One Million Tokens: Do We Still Need Context Engineering?

Anthropic released Claude Opus 4.6 on February 5, and the headline number is hard to ignore: a one-million-token context window. That’s roughly 750,000 words, 1,500 pages, or 30,000 lines of code in a single prompt. For the first time, an Opus-class model can ingest an entire codebase, a full legal discovery set, or a year’s worth of financial filings and reason over them in one pass.

The immediate reaction on X was predictable. If the context window is big enough to hold everything, why bother with retrieval pipelines, chunking strategies, or any of the careful context management we’ve spent the last two years building? Is context engineering dead?

No. But the question is worth taking seriously, because the answer is more nuanced than “just throw everything in.”

What Actually Changed

Previous Opus models topped out at 200K tokens. More importantly, they struggled to use that full window effectively. The Chroma Research context rot study from July 2025 tested 18 models and found universal degradation as context length increased — even on simple retrieval tasks. Information buried in the middle of long contexts was effectively invisible.

Opus 4.6 represents a genuine shift. On the MRCR v2 benchmark — an eight-needle retrieval test across one million tokens — it scores 76%, compared to 18.5% for its predecessor Sonnet 4.5 and 26.3% for Google’s Gemini 3 Pro. Anthropic calls this “a qualitative shift in how much context a model can actually use while maintaining peak performance.”
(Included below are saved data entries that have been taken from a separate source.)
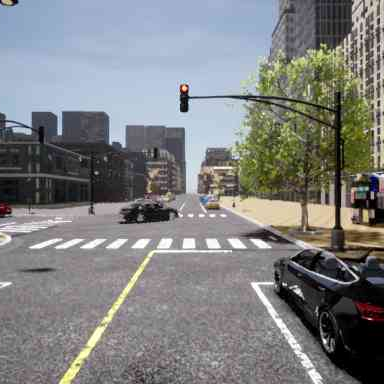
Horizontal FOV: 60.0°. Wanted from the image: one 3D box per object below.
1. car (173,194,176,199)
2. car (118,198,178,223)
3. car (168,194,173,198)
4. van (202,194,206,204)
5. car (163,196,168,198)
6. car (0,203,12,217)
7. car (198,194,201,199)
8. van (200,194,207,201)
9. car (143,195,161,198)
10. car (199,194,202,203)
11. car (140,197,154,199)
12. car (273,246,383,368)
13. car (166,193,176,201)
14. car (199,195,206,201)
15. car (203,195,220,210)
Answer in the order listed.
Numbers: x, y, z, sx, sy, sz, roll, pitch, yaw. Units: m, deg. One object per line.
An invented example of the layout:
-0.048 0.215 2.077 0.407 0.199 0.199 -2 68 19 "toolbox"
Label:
-5.607 1.559 82.656 2.008 1.369 4.403 0 0 0 "car"
-3.255 1.510 25.502 4.892 1.490 1.837 0 2 -42 "car"
-5.617 1.532 71.384 1.752 1.417 4.829 0 0 0 "car"
2.743 1.345 49.345 1.690 1.788 3.998 0 0 0 "van"
-5.633 1.555 54.901 2.008 1.369 4.403 0 0 0 "car"
-17.242 1.371 27.262 4.507 1.381 1.887 1 -1 -1 "car"
2.763 1.572 71.549 1.947 1.339 4.313 0 0 0 "car"
2.776 1.349 82.651 1.690 1.788 3.998 0 0 0 "van"
-5.643 1.318 43.799 2.192 1.841 5.009 0 0 0 "car"
2.752 1.556 60.447 2.008 1.369 4.403 0 0 0 "car"
-5.649 1.585 38.248 1.802 1.307 4.206 0 0 0 "car"
2.700 1.566 5.764 1.947 1.339 4.313 0 0 0 "car"
-5.600 1.324 88.207 2.192 1.841 5.009 0 0 0 "car"
2.780 1.534 88.371 1.752 1.417 4.829 0 0 0 "car"
2.737 1.528 43.963 1.752 1.417 4.829 0 0 0 "car"
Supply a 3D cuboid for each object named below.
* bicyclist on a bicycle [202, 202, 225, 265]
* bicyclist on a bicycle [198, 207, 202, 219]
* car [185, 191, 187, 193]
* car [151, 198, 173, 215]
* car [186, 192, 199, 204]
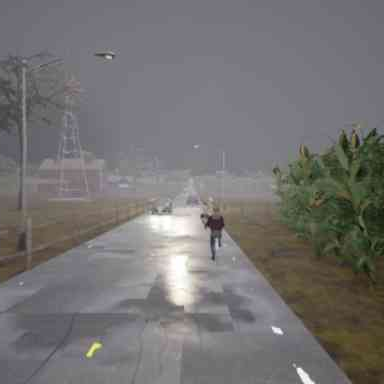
[{"bbox_3d":[0.754,1.338,10.637,0.659,1.776,1.843,0,0,0],"label":"bicyclist on a bicycle"},{"bbox_3d":[0.756,1.376,19.283,0.866,1.612,1.509,0,0,0],"label":"bicyclist on a bicycle"},{"bbox_3d":[-0.012,1.114,73.824,2.128,1.511,4.902,0,1,0],"label":"car"},{"bbox_3d":[-2.850,1.376,32.486,2.128,1.511,4.902,0,0,0],"label":"car"},{"bbox_3d":[0.090,1.234,55.645,2.128,1.511,4.902,0,0,0],"label":"car"}]
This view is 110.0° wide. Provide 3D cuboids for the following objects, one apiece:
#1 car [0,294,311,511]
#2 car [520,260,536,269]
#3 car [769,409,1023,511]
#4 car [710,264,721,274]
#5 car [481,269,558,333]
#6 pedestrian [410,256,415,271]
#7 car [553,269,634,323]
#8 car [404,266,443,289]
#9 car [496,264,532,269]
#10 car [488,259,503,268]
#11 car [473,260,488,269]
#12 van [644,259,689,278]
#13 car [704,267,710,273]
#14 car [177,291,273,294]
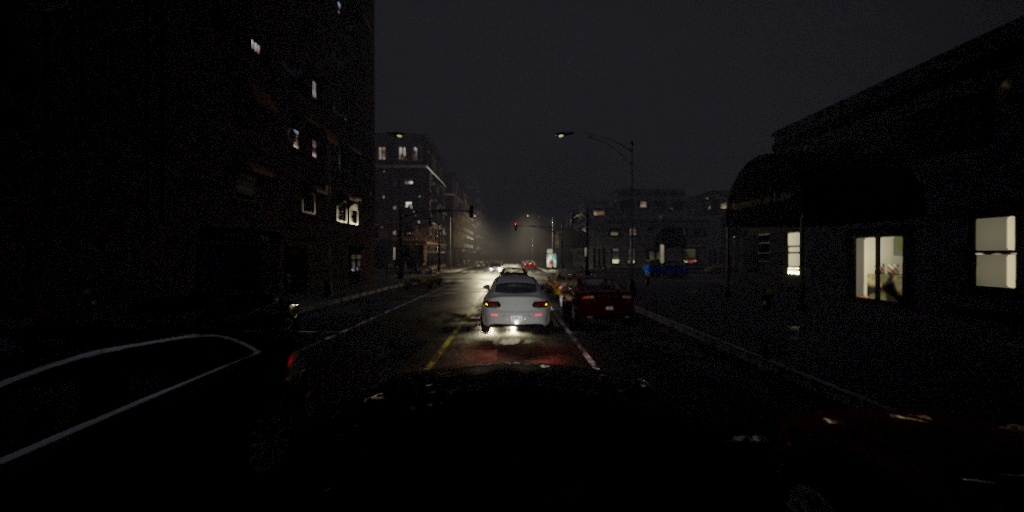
[{"bbox_3d":[-3.100,1.242,1.892,2.128,1.511,4.902,0,0,0],"label":"car"},{"bbox_3d":[2.725,1.310,55.993,1.967,1.591,4.097,0,0,0],"label":"car"},{"bbox_3d":[2.689,1.293,0.735,1.888,1.381,4.507,0,0,0],"label":"car"},{"bbox_3d":[25.315,1.480,40.143,4.718,1.301,1.895,0,0,0],"label":"car"},{"bbox_3d":[0.103,1.291,10.674,1.812,1.442,4.674,0,0,0],"label":"car"},{"bbox_3d":[-12.603,0.909,45.419,0.375,1.860,0.375,0,0,0],"label":"pedestrian"},{"bbox_3d":[2.696,1.313,12.128,1.888,1.381,4.507,0,0,0],"label":"car"},{"bbox_3d":[-5.678,1.316,23.362,1.751,1.417,4.829,0,0,0],"label":"car"},{"bbox_3d":[0.124,1.391,23.261,1.895,1.301,4.718,0,0,1],"label":"car"},{"bbox_3d":[-2.998,1.499,65.282,1.895,1.301,4.718,0,0,1],"label":"car"},{"bbox_3d":[-5.652,1.438,61.683,2.007,1.370,4.403,0,0,0],"label":"car"},{"bbox_3d":[14.676,1.221,34.285,3.998,1.789,1.690,0,0,0],"label":"van"},{"bbox_3d":[25.510,1.393,42.738,4.829,1.417,1.751,0,0,0],"label":"car"},{"bbox_3d":[-5.688,1.323,6.443,1.948,1.339,4.313,0,0,0],"label":"car"}]
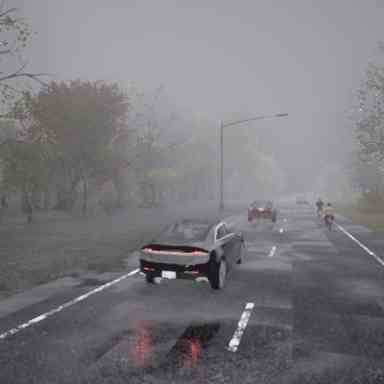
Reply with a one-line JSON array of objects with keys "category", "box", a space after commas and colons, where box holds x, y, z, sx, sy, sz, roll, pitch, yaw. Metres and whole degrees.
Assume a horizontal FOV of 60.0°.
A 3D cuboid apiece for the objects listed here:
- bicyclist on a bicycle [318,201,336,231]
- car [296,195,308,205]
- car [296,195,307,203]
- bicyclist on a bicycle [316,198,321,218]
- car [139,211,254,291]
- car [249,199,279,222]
[{"category": "bicyclist on a bicycle", "box": [8.104, 1.458, 19.671, 0.866, 1.612, 1.509, 0, 0, 18]}, {"category": "car", "box": [20.307, 1.638, 61.064, 1.994, 1.385, 4.181, 0, 0, 17]}, {"category": "car", "box": [23.168, 1.442, 70.445, 2.097, 1.767, 4.553, 0, 0, 18]}, {"category": "bicyclist on a bicycle", "box": [10.887, 1.403, 28.388, 0.659, 1.776, 1.843, 0, 0, 17]}, {"category": "car", "box": [0.254, 1.504, 9.236, 2.128, 1.511, 4.902, 0, 0, 18]}, {"category": "car", "box": [5.858, 1.386, 26.969, 2.097, 1.767, 4.553, 0, 0, 18]}]
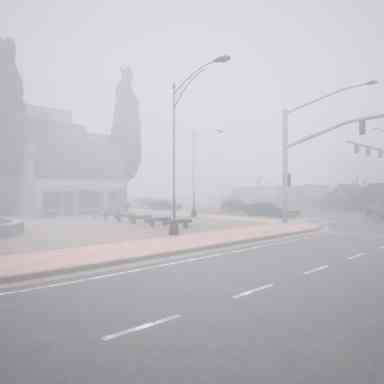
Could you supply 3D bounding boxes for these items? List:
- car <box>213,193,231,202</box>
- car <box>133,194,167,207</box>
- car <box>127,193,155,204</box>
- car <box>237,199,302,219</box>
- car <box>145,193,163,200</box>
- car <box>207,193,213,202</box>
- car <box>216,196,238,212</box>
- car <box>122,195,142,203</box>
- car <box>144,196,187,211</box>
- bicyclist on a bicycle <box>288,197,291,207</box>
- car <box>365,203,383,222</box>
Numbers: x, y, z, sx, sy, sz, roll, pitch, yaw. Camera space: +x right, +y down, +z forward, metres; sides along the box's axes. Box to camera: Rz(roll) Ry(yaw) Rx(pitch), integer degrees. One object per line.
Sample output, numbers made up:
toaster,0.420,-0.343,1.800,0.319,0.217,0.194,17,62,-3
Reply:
car,6.859,1.395,69.063,3.806,1.475,1.970,0,0,-42
car,-6.520,1.492,50.860,2.128,1.511,4.902,0,0,-40
car,-9.156,1.491,59.667,2.128,1.511,4.902,0,0,-40
car,6.955,1.547,29.516,2.033,1.411,5.357,0,0,-40
car,-10.040,1.153,88.044,4.605,1.855,1.932,0,0,-42
car,4.940,1.156,71.231,3.866,1.878,1.905,0,0,-42
car,5.352,1.477,36.823,1.882,1.535,5.008,0,0,-40
car,-12.528,1.478,69.004,1.882,1.535,5.008,0,0,-40
car,-3.408,1.546,41.751,2.033,1.411,5.357,0,0,-40
bicyclist on a bicycle,12.886,1.261,44.843,1.656,1.620,0.582,-7,4,-40
car,15.559,1.493,24.777,2.128,1.511,4.902,0,0,-40
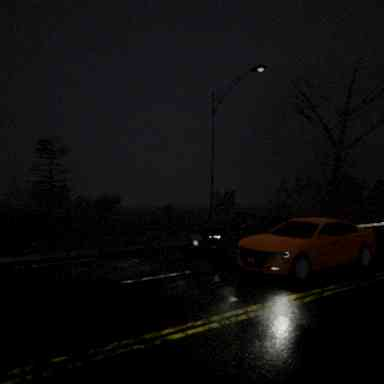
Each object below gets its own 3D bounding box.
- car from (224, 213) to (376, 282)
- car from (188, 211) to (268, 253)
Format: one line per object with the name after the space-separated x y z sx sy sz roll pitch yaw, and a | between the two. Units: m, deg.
3.590 1.524 10.100 5.008 1.535 1.882 1 0 -35 | car
2.151 1.534 13.055 4.902 1.511 2.128 0 0 -35 | car
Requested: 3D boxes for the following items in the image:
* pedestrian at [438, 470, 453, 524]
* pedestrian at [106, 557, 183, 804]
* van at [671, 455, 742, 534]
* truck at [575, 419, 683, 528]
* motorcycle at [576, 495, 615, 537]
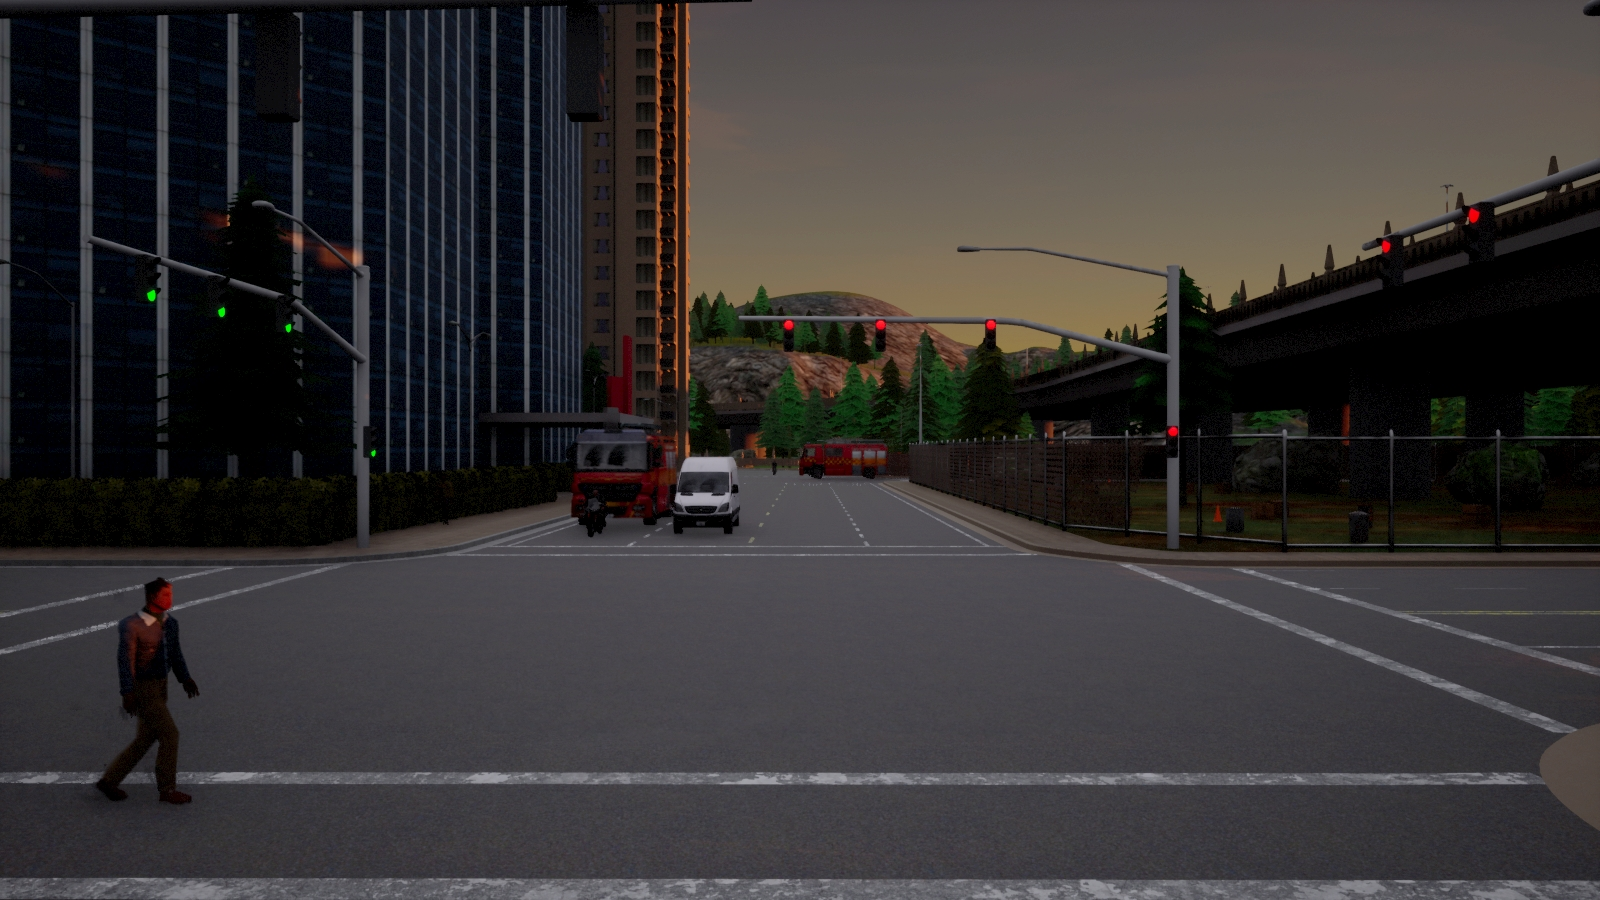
[{"bbox_3d":[-12.353,1.642,39.785,0.375,1.860,0.375,0,0,4],"label":"pedestrian"},{"bbox_3d":[-5.165,1.794,9.012,0.375,1.860,0.375,0,0,7],"label":"pedestrian"},{"bbox_3d":[-3.226,1.479,40.346,1.988,2.561,5.915,0,0,0],"label":"van"},{"bbox_3d":[-6.443,0.835,44.419,2.891,3.827,8.468,0,0,0],"label":"truck"},{"bbox_3d":[-6.735,2.150,37.693,0.867,1.251,2.209,0,0,0],"label":"motorcycle"}]
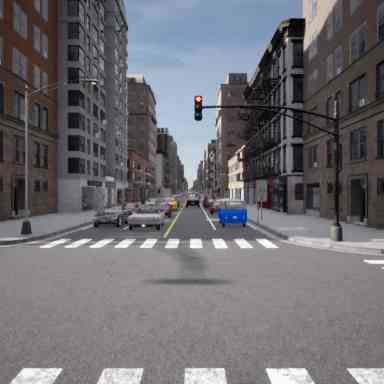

That’s not marketing spin. A 76% hit rate on eight needles scattered across a million tokens is a meaningful capability that didn’t exist six months ago. It means you can load a large document set and have reasonable confidence the model will find what it needs.

But 76% is not 100%. And that gap is where context engineering lives.

The Lost-in-the-Middle Problem Hasn’t Vanished

The foundational research here is Liu et al., 2023, published in the Transactions of the Association for Computational Linguistics. The finding was a U-shaped performance curve: models attend well to content at the beginning and end of input but degrade significantly when key information sits in the middle. This is linked to how rotary positional embeddings (RoPE) bias attention toward nearby and recent tokens.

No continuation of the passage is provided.